I'm not the only one intrigued by the clever use of social media to tell this story. KerryJ reacted in a similar fashion to a number of my work colleagues while Daniel Stucke mirrored many of my personal reactions to the whole KONY2012 issue. How we bite on a well crafted, emotional message either shows our own feelings of compassion, levels of cynicism or the very human need to feel like we can make a difference in or to the world. It is also a measure of our digital literacy skills - the skills that we are (supposedly) teaching to our students.

By mid-week, the backlash against the video started to show in mainstream sites. The Atlantic was particularly harsh:

Kony 2012 is so seductive for precisely the same reasons that make it so dangerous. The half-hour video, now viewed 40 million times, sets viewers up for a message so gratifying and fulfilling that it is almost impossible to resist: there is a terrible problem in the world, you are the solution, and all you have to do is pass along this video.

I find it interesting that it seems to be mainstream news media outlets that are leading the pushback. Effective digital literacy would include questioning their motives as well as the Invisible Children organisation who produced and posted the video. Could it be that they has been caught napping on a very important issue? Could it be that this video treads into what traditional news media might see as their turf?

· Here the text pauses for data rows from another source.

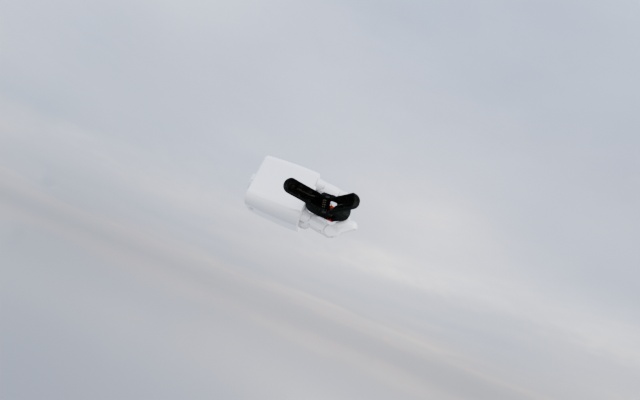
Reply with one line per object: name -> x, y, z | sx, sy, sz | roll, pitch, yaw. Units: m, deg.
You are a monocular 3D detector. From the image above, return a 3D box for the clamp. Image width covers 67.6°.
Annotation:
clamp -> 0.000, 0.002, 0.790 | 0.120, 0.039, 0.171 | 22, -14, 4
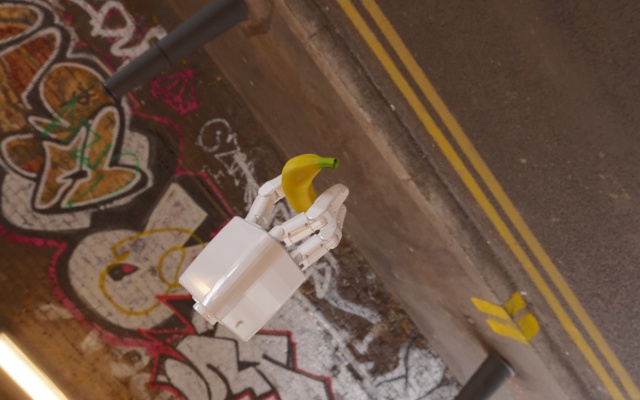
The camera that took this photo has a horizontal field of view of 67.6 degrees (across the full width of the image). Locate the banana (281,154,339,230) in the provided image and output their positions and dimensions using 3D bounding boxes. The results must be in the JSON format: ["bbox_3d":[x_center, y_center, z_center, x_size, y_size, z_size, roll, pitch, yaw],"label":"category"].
[{"bbox_3d":[-0.016,-0.008,0.606,0.069,0.037,0.198,30,-20,12],"label":"banana"}]
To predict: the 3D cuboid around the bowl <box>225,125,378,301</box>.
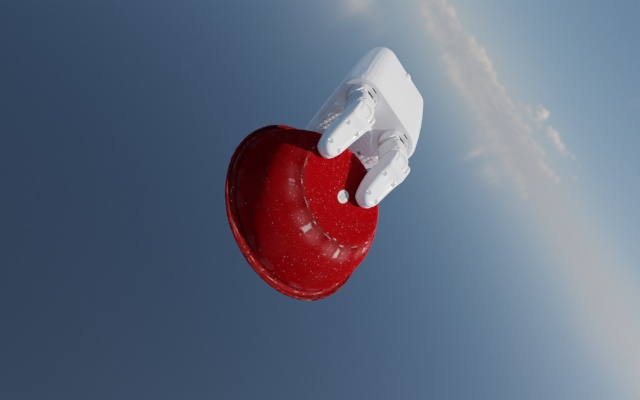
[{"bbox_3d":[0.000,0.002,0.411,0.055,0.162,0.162,-21,-14,42],"label":"bowl"}]
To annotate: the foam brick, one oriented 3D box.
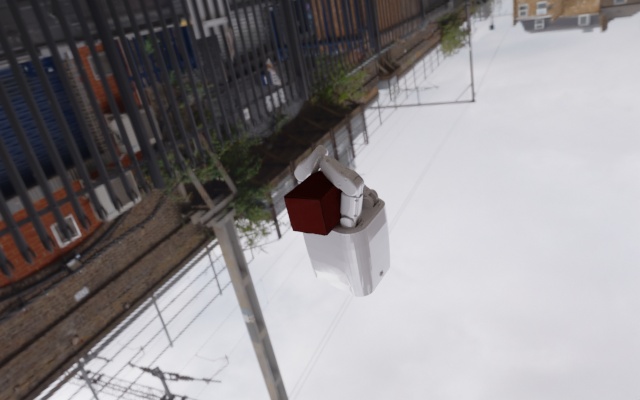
[{"bbox_3d":[0.000,0.002,0.599,0.053,0.051,0.078,6,30,31],"label":"foam brick"}]
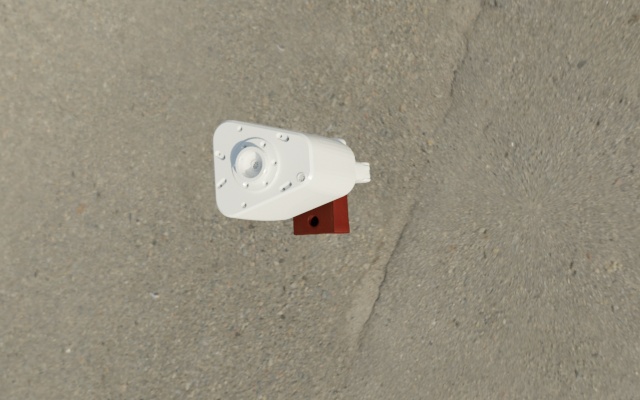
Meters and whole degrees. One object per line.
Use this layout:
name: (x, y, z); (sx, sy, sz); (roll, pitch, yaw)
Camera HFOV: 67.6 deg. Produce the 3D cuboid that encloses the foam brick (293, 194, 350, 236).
foam brick: (0.000, 0.002, 0.559); (0.053, 0.078, 0.051); (-5, -2, 23)
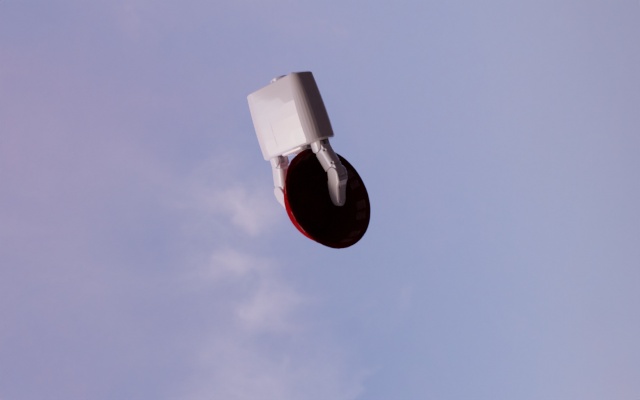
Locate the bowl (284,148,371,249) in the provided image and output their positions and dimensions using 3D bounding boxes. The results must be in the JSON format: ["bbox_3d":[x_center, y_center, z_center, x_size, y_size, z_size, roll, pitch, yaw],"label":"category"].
[{"bbox_3d":[0.000,0.004,0.736,0.162,0.162,0.055,0,-19,-39],"label":"bowl"}]
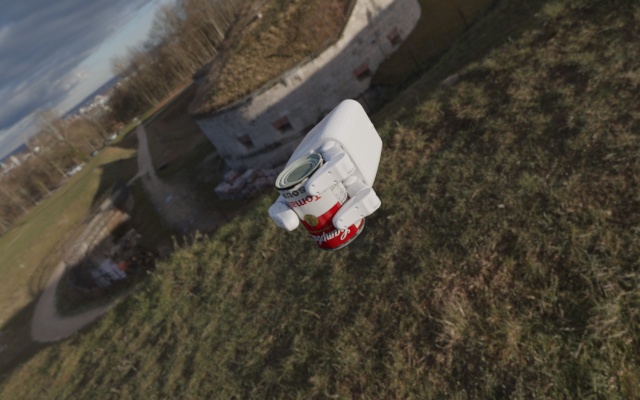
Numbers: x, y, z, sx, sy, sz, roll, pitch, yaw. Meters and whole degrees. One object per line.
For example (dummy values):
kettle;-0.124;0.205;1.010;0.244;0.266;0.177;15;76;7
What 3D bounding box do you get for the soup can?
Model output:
soup can;0.000;0.002;0.579;0.068;0.102;0.068;-28;26;15
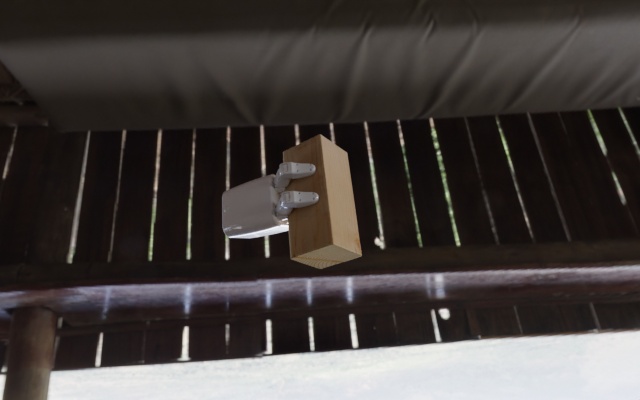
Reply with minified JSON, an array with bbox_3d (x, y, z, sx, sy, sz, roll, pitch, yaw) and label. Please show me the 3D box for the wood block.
[{"bbox_3d":[0.000,0.003,0.839,0.090,0.206,0.091,-22,-30,29],"label":"wood block"}]
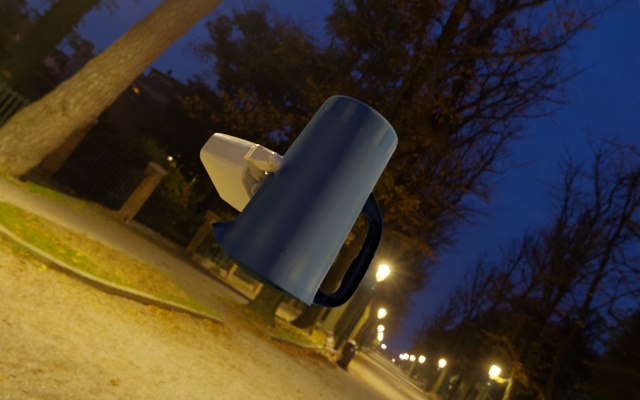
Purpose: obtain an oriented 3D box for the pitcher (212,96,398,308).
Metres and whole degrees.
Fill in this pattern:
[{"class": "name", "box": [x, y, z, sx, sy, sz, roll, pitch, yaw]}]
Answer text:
[{"class": "pitcher", "box": [0.000, 0.002, 0.588, 0.145, 0.243, 0.149, 24, -14, 37]}]
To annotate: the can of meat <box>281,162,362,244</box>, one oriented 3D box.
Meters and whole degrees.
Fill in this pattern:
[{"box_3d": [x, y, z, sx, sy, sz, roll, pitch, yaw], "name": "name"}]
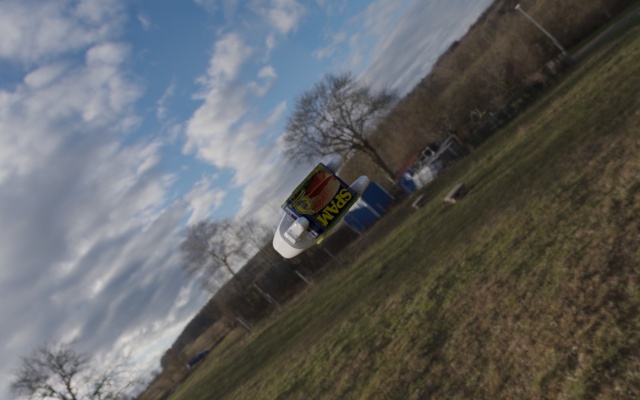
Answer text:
[{"box_3d": [0.000, 0.002, 0.757, 0.084, 0.102, 0.057, 42, -19, 2], "name": "can of meat"}]
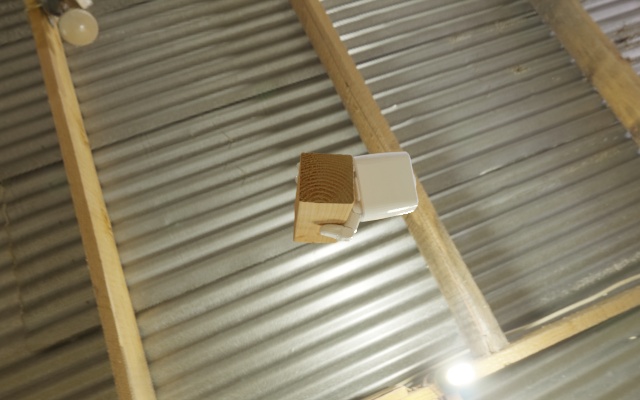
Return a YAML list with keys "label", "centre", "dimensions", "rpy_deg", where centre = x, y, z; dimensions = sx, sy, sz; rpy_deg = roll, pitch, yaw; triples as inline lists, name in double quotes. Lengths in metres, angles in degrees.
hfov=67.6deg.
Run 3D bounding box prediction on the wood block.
- label: "wood block"
  centre: [0.001, 0.003, 0.864]
  dimensions: [0.090, 0.090, 0.206]
  rpy_deg: [2, -23, -5]
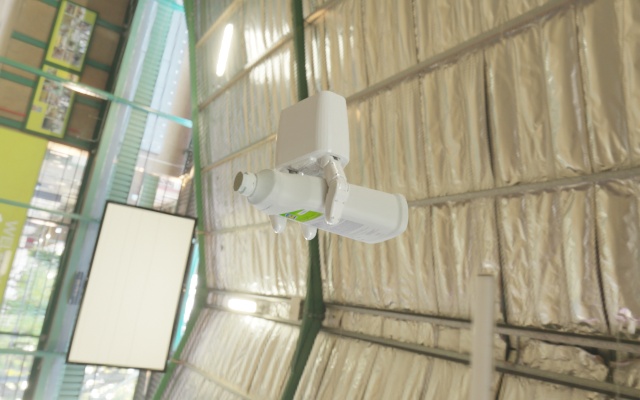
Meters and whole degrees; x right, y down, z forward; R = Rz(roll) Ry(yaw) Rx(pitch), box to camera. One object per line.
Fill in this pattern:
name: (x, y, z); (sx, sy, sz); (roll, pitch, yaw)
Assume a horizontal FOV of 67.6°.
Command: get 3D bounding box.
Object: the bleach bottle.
bleach bottle: (0.000, 0.002, 0.681); (0.251, 0.068, 0.102); (16, -28, -31)
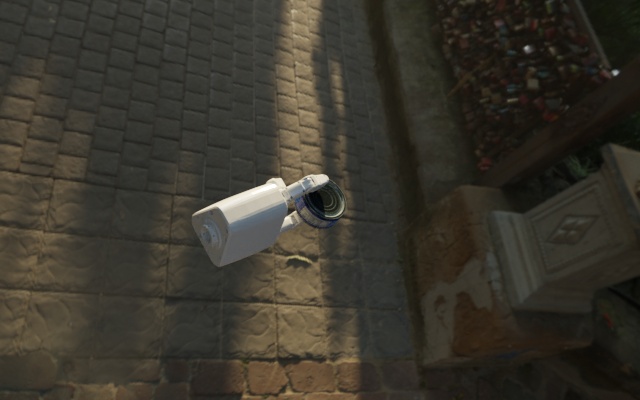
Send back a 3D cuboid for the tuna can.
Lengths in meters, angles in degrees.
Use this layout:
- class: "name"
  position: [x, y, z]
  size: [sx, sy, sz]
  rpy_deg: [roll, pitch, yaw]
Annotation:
- class: "tuna can"
  position: [0.000, 0.002, 0.798]
  size: [0.086, 0.086, 0.034]
  rpy_deg: [0, -29, -35]

The only other thing that I would add as an average citizen of a privileged country is this. Before Monday, I had never heard of Joseph Kony or the LRA. The sheer momentum that this video has produced has raised my and the millions of viewers worldwide's collective consciousness. Whether we support or dismiss the goals and actions of the KONY2012 movement, or the target of their campaign, one thing is certain.

Now we all know.

NB: Seth Godin analyses the video from a social media perspective here. And I highly recommend the ShortFormBlog's even handed coverage of the unfolding events. And as a final bonus, check out the graph below from Wikipedia edits on the Joseph Kony page as people jump on board to rewrite the definitive article on the central figure in the whole saga.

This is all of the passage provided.